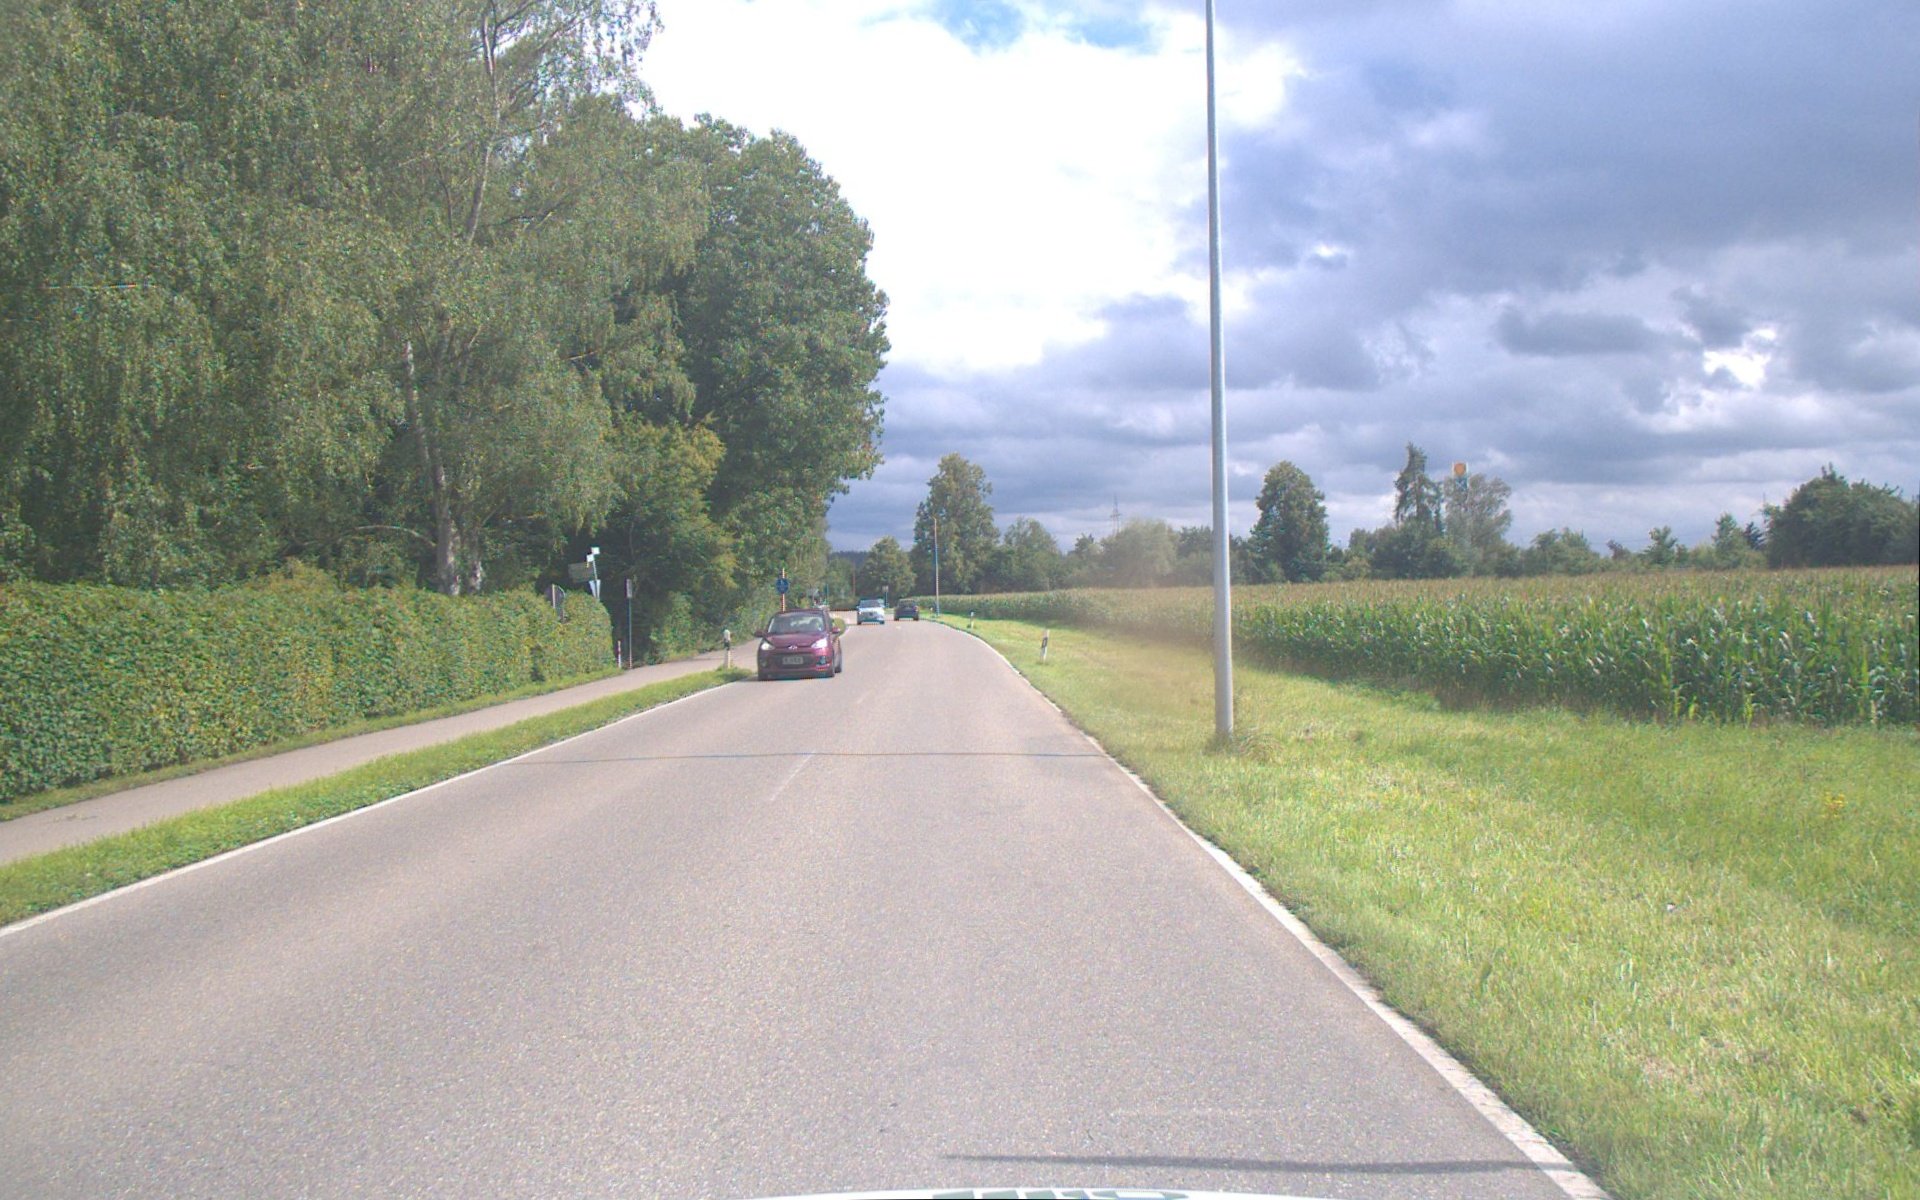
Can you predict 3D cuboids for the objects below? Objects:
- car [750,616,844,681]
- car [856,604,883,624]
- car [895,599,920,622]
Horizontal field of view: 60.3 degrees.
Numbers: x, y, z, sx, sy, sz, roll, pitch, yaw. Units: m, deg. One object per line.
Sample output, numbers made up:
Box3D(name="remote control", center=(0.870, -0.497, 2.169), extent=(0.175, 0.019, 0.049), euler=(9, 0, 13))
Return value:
Box3D(name="car", center=(-3.543, 1.036, 36.473), extent=(1.710, 1.243, 3.542), euler=(-2, 0, -1))
Box3D(name="car", center=(-6.193, 0.947, 113.467), extent=(1.710, 1.243, 3.542), euler=(-2, 0, -1))
Box3D(name="car", center=(-4.156, 0.818, 131.626), extent=(1.868, 1.695, 3.999), euler=(-2, 0, -2))
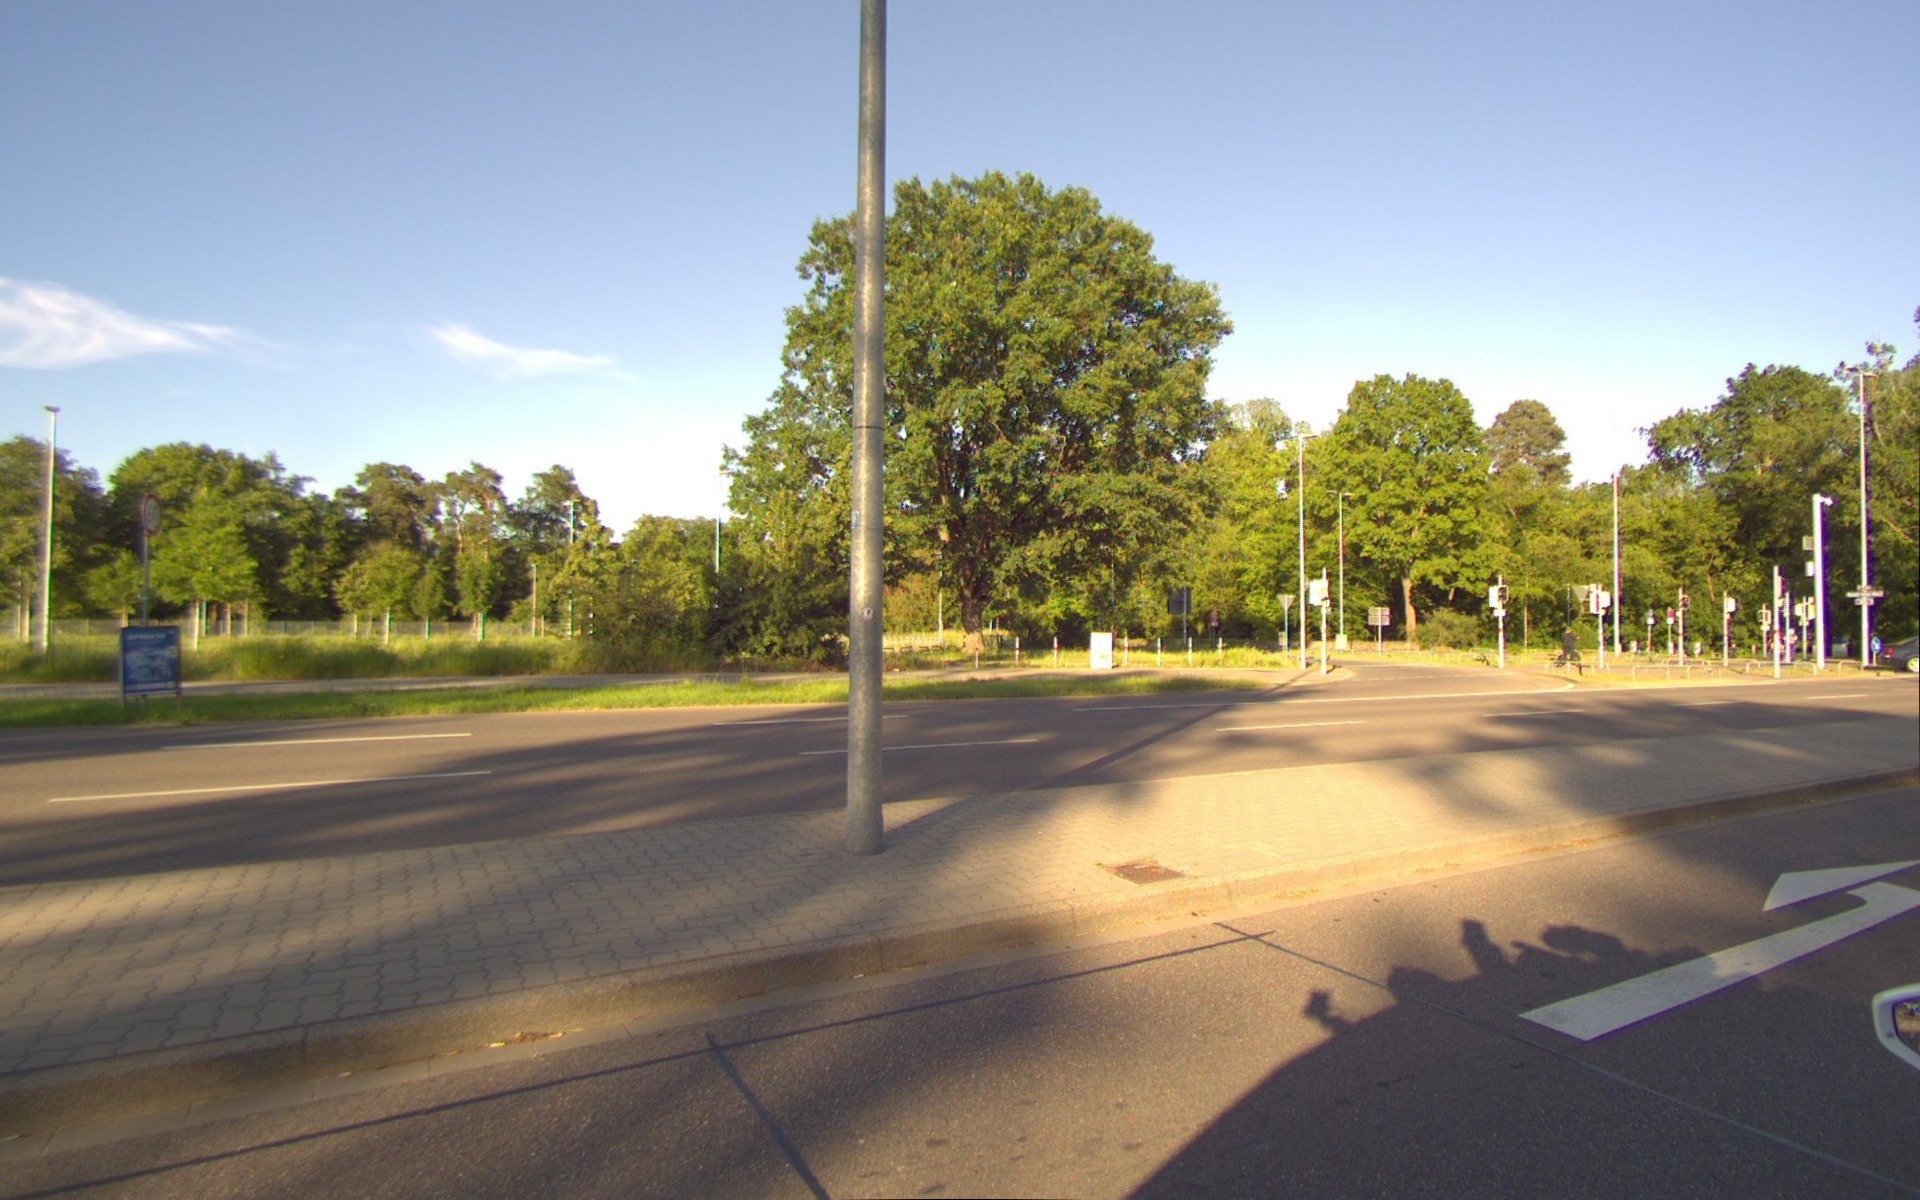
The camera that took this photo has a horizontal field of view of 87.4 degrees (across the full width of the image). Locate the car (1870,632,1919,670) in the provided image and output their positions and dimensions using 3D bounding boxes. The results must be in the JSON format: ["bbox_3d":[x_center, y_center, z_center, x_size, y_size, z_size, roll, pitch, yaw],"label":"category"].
[{"bbox_3d":[36.609,1.908,37.269,4.051,1.405,1.745,-2,-3,38],"label":"car"}]

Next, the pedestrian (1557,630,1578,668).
[{"bbox_3d":[25.731,2.075,42.555,0.636,1.580,0.539,0,-2,18],"label":"pedestrian"}]
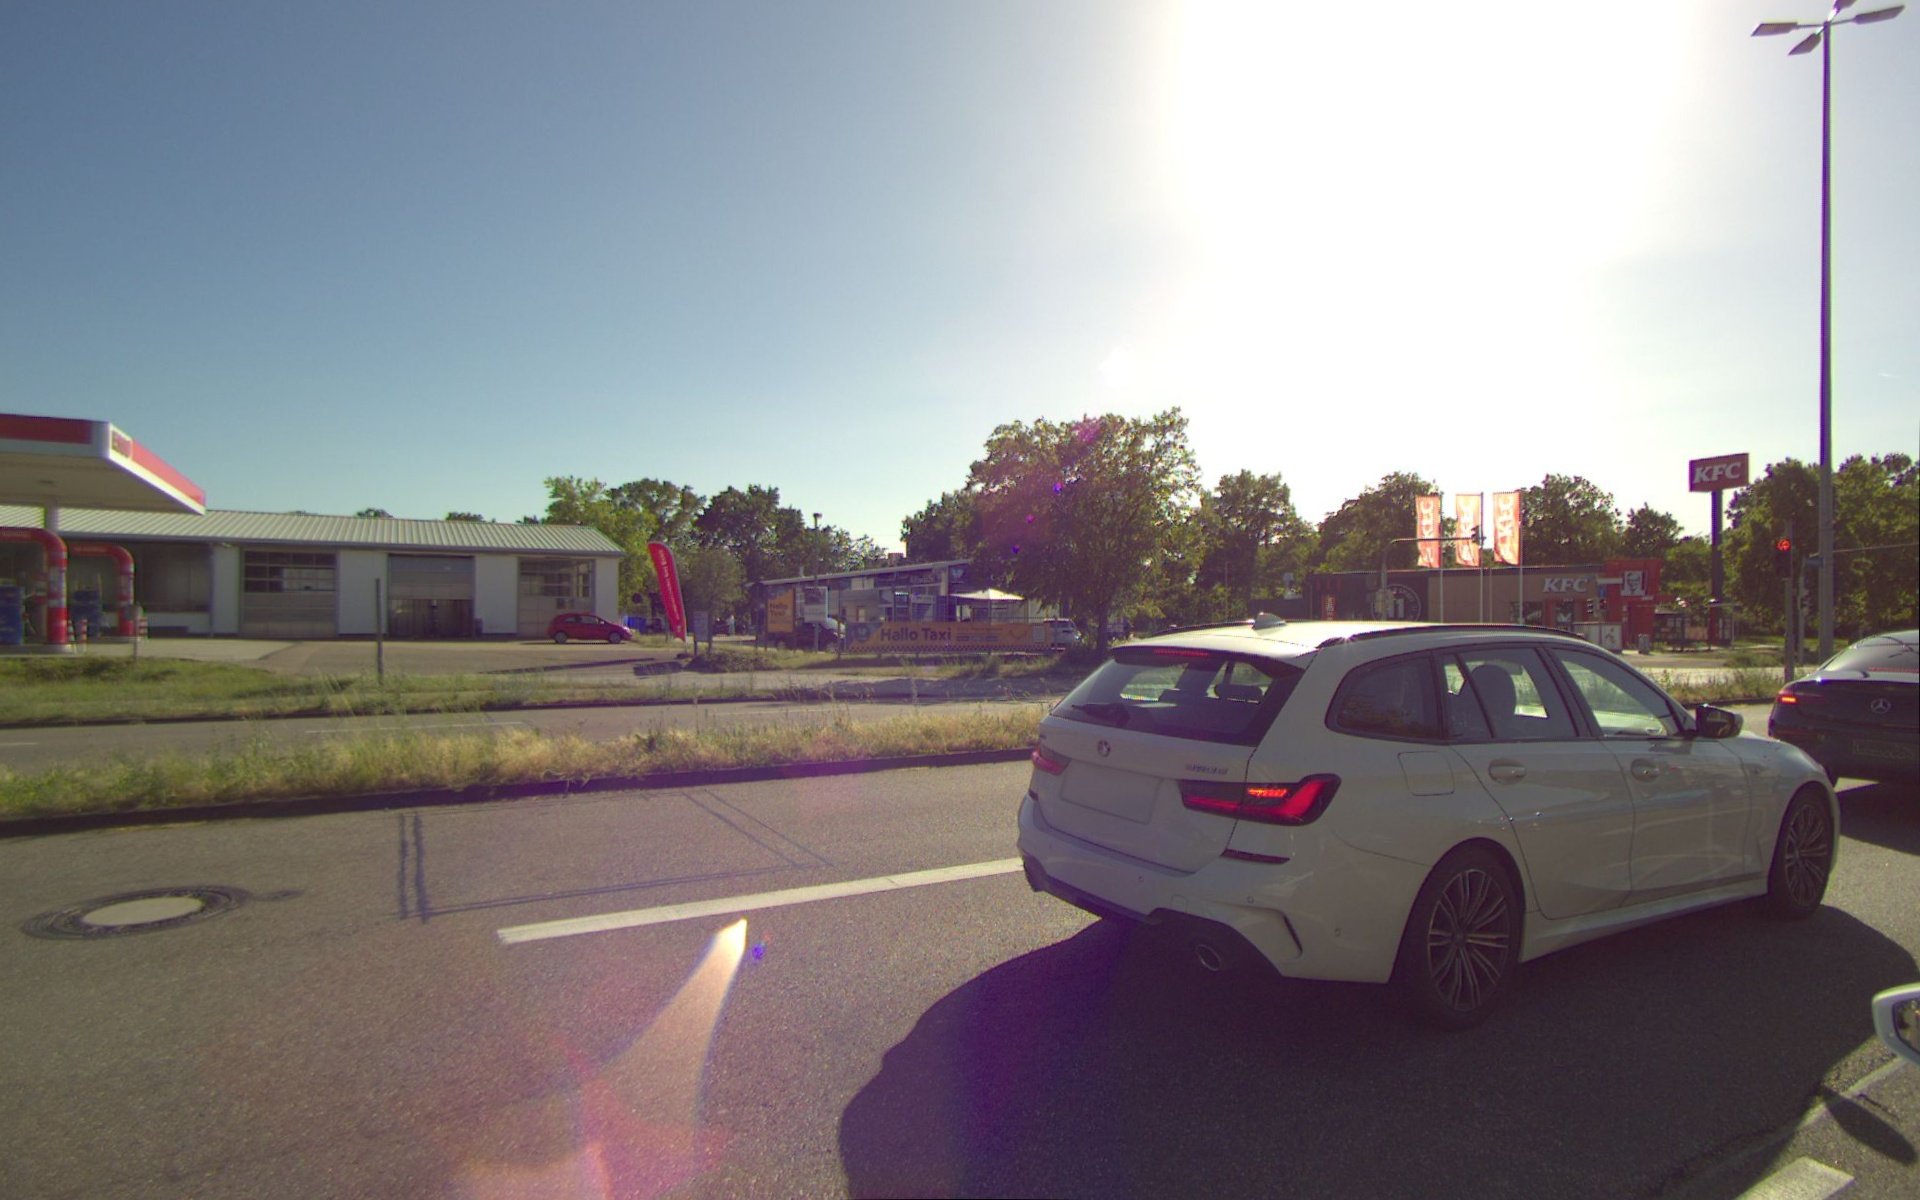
========================================================================
# DESCRIPTION OF THE TASK
What is needed is a verbatim copy of the lines from the line with "- car [895,599,920,622]" through the last line of the listing, pictures excluded.

# TASK RESULT
- car [895,599,920,622]
Horizontal field of view: 60.3 degrees.
Numbers: x, y, z, sx, sy, sz, roll, pitch, yaw. Units: m, deg. One object per line.
Sample output, numbers made up:
Box3D(name="remote control", center=(0.870, -0.497, 2.169), extent=(0.175, 0.019, 0.049), euler=(9, 0, 13))
Return value:
Box3D(name="car", center=(-3.543, 1.036, 36.473), extent=(1.710, 1.243, 3.542), euler=(-2, 0, -1))
Box3D(name="car", center=(-6.193, 0.947, 113.467), extent=(1.710, 1.243, 3.542), euler=(-2, 0, -1))
Box3D(name="car", center=(-4.156, 0.818, 131.626), extent=(1.868, 1.695, 3.999), euler=(-2, 0, -2))
The camera that took this photo has a horizontal field of view of 87.4 degrees (across the full width of the image). Locate the car (1870,632,1919,670) in the provided image and output their positions and dimensions using 3D bounding boxes. The results must be in the JSON format: ["bbox_3d":[x_center, y_center, z_center, x_size, y_size, z_size, roll, pitch, yaw],"label":"category"].
[{"bbox_3d":[36.609,1.908,37.269,4.051,1.405,1.745,-2,-3,38],"label":"car"}]

Next, the pedestrian (1557,630,1578,668).
[{"bbox_3d":[25.731,2.075,42.555,0.636,1.580,0.539,0,-2,18],"label":"pedestrian"}]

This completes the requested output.